Mannen hebben ook borstklierweefsel onder de tepel zitten. Overmatige ontwikkeling van dit borstklierweefsel geeft aanleiding tot borstvorming bij de man, ook wel gynaecomastie genoemd.
De aandoening ontstaat meestal in de puberteit en kan aan één zijde of aan beide zijden van de borstkas optreden. Naast klierweefsel is er soms opstapeling van vetweefsel de oorzaak van de gynaecomastie. Dit komt dan vaak in combinatie met overgewicht voor. Afvallen kan dan verbetering geven.
Gynaecomastie heeft vele oorzaken onder andere stoornissen in de hormoon stofwisseling. Vaak wordt er echter geen oorzaak voor gevonden. Door het innemen van medicijnen bij bodybuilders of bij de behandeling van prostaatkanker wordt dit fenomeen ook meer gezien.

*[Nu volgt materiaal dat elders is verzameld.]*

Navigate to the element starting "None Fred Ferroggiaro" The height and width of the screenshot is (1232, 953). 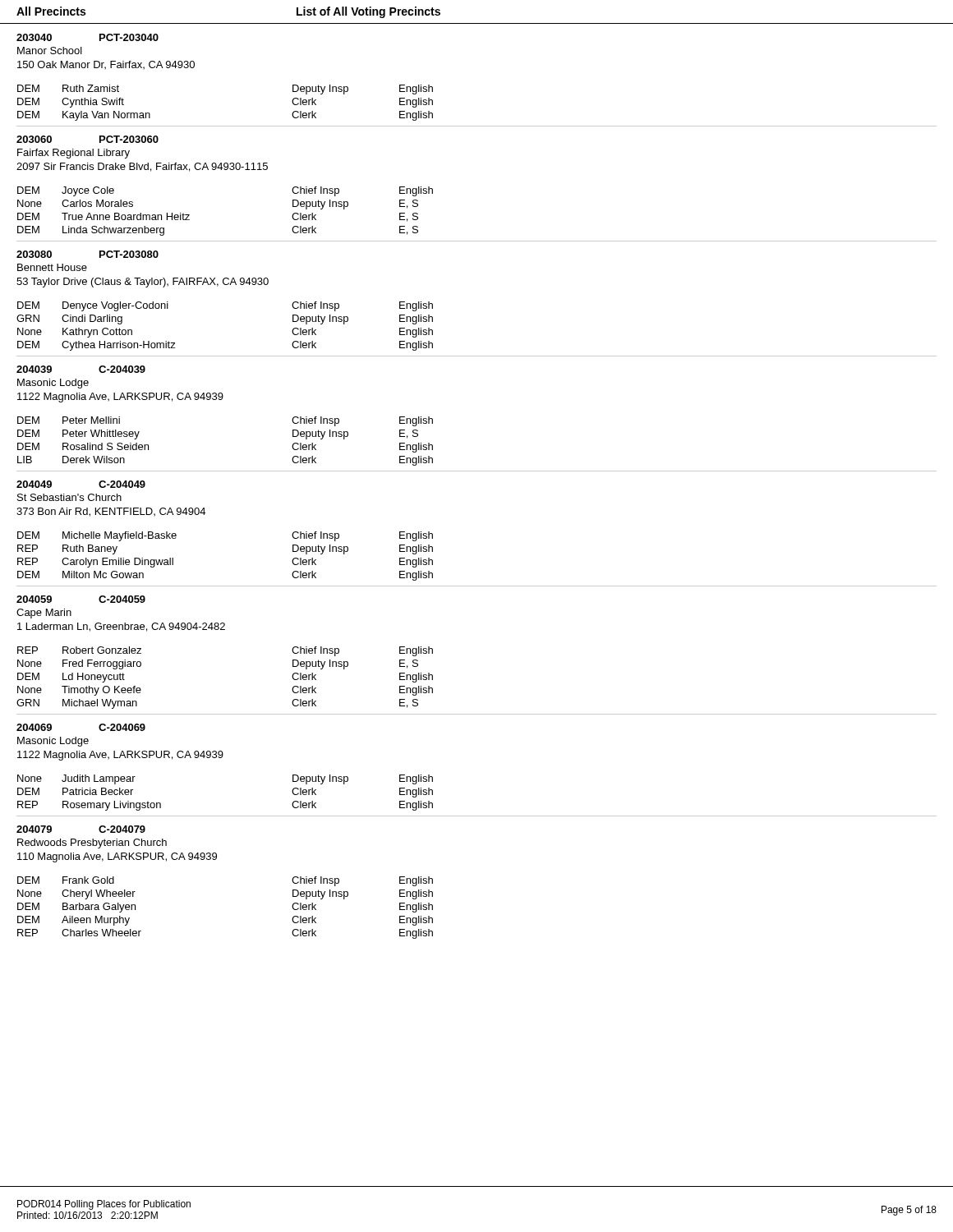[26, 664]
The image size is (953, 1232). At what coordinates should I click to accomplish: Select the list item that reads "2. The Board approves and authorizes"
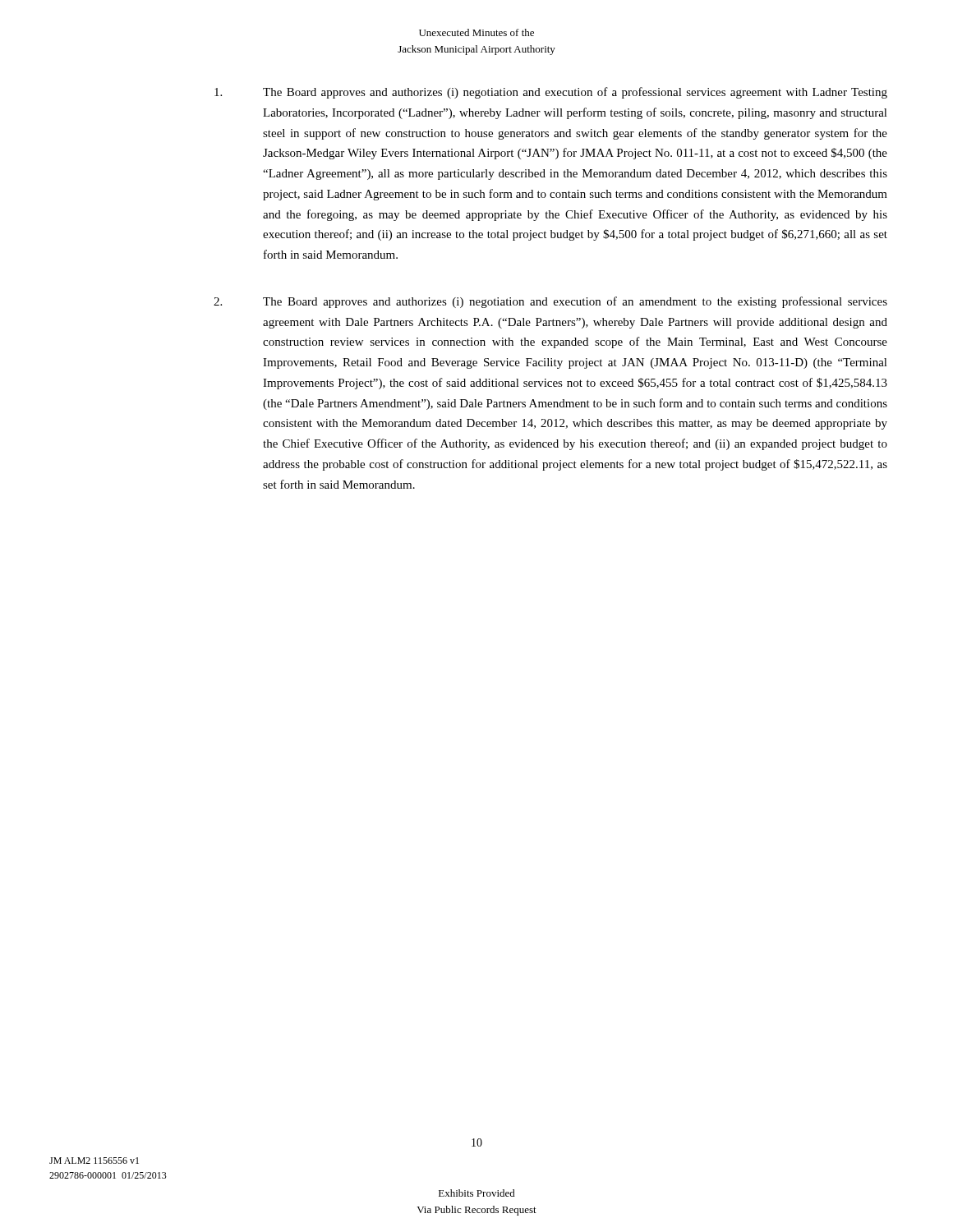550,393

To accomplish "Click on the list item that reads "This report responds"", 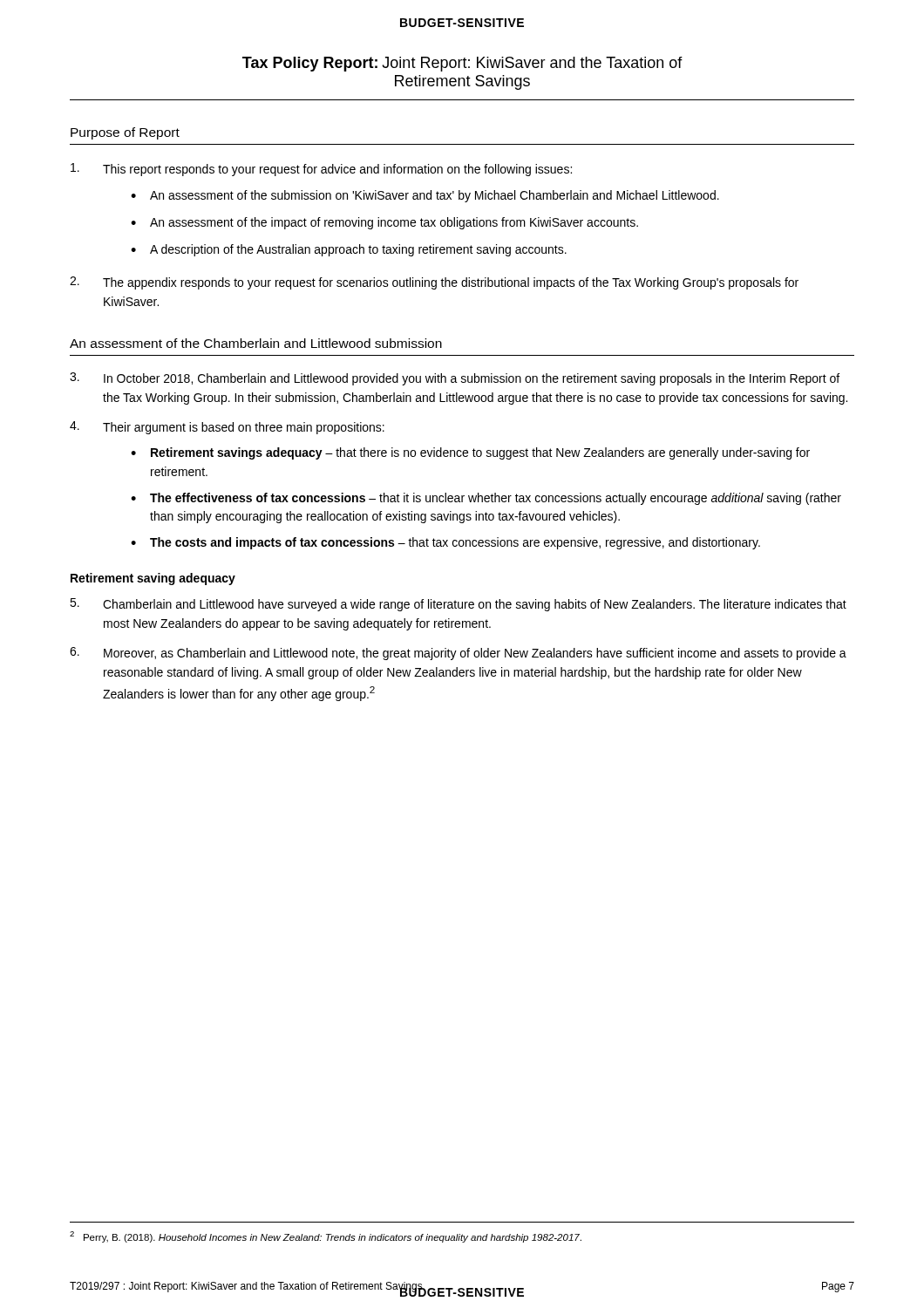I will tap(321, 170).

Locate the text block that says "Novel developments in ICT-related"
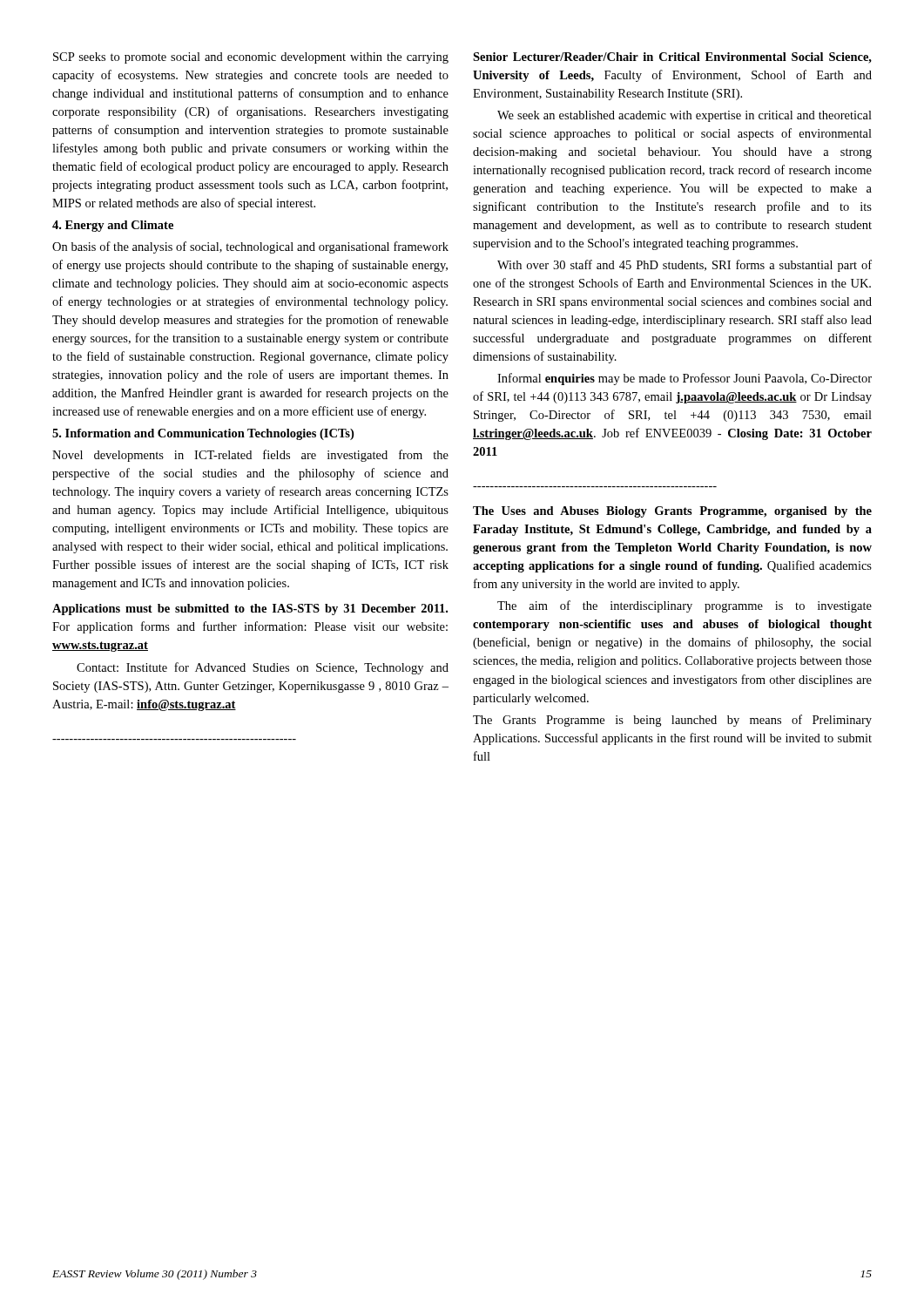250,520
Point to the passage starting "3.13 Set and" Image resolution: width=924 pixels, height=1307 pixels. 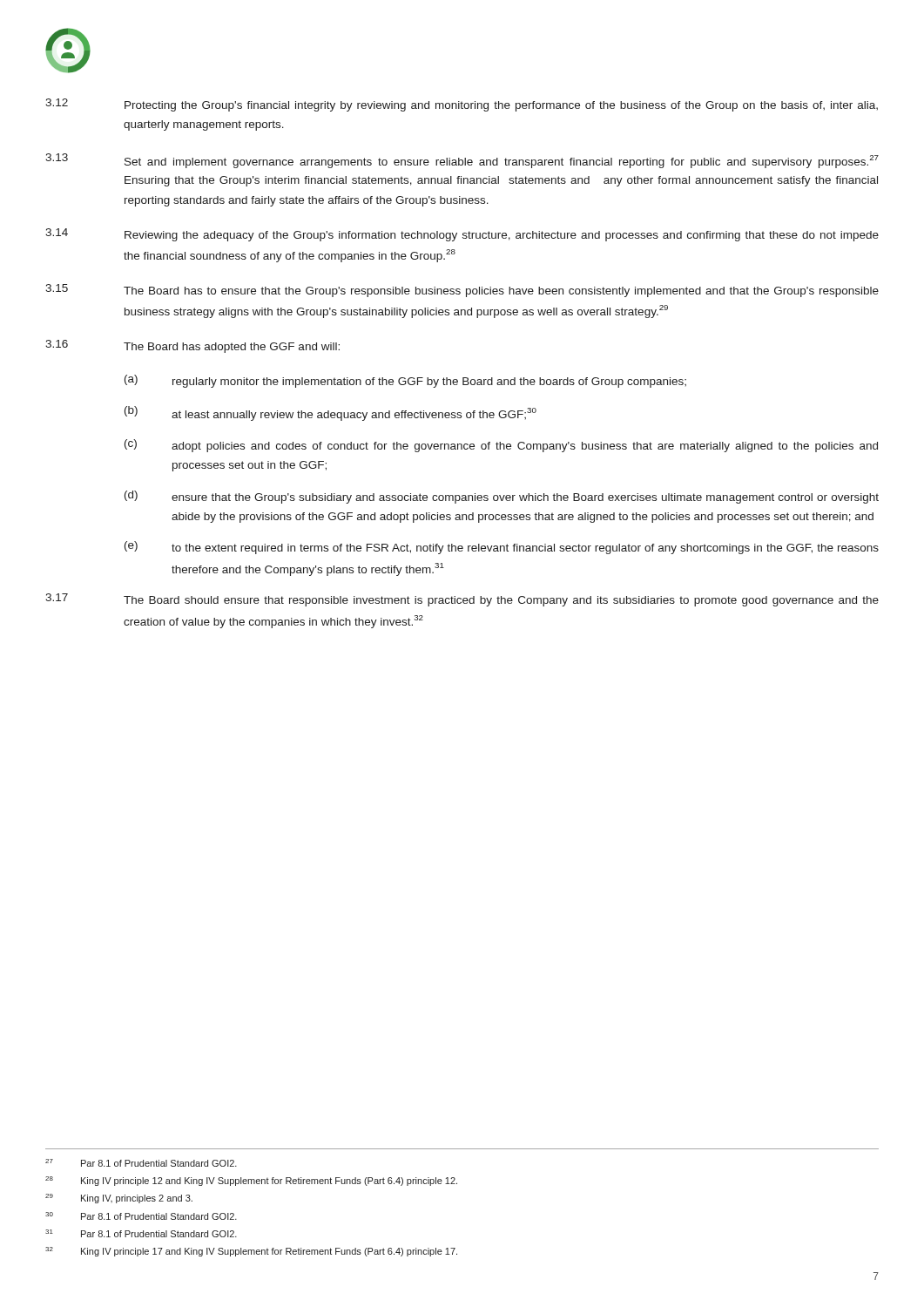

Met behulp van een echografie kan de grootte van de klier worden gemeten en het aandeel van het onderhuidse vet worden ingeschat.
Bij een operatieve behandeling wordt het klierweefsel weggesneden en het teveel aan vet verwijderd d.m.v. liposuctie. Bij uitzonderlijke gevallen moet soms overtollige huid worden weggenomen.
Het litteken hoeft in de regel niet groter te zijn dan de helft van de tepelhof en wordt precies op de overgang van de tepelhof naar de gewone huid geplaatst. Het litteken geneest meestal fraai en is weinig opvallend. Als er overtollige huid moet worden weggenomen zijn er meer littekens.
Een veranderd gevoel in de tepels na de operatie is niet ongewoon. Dit herstelt zich meestal altijd.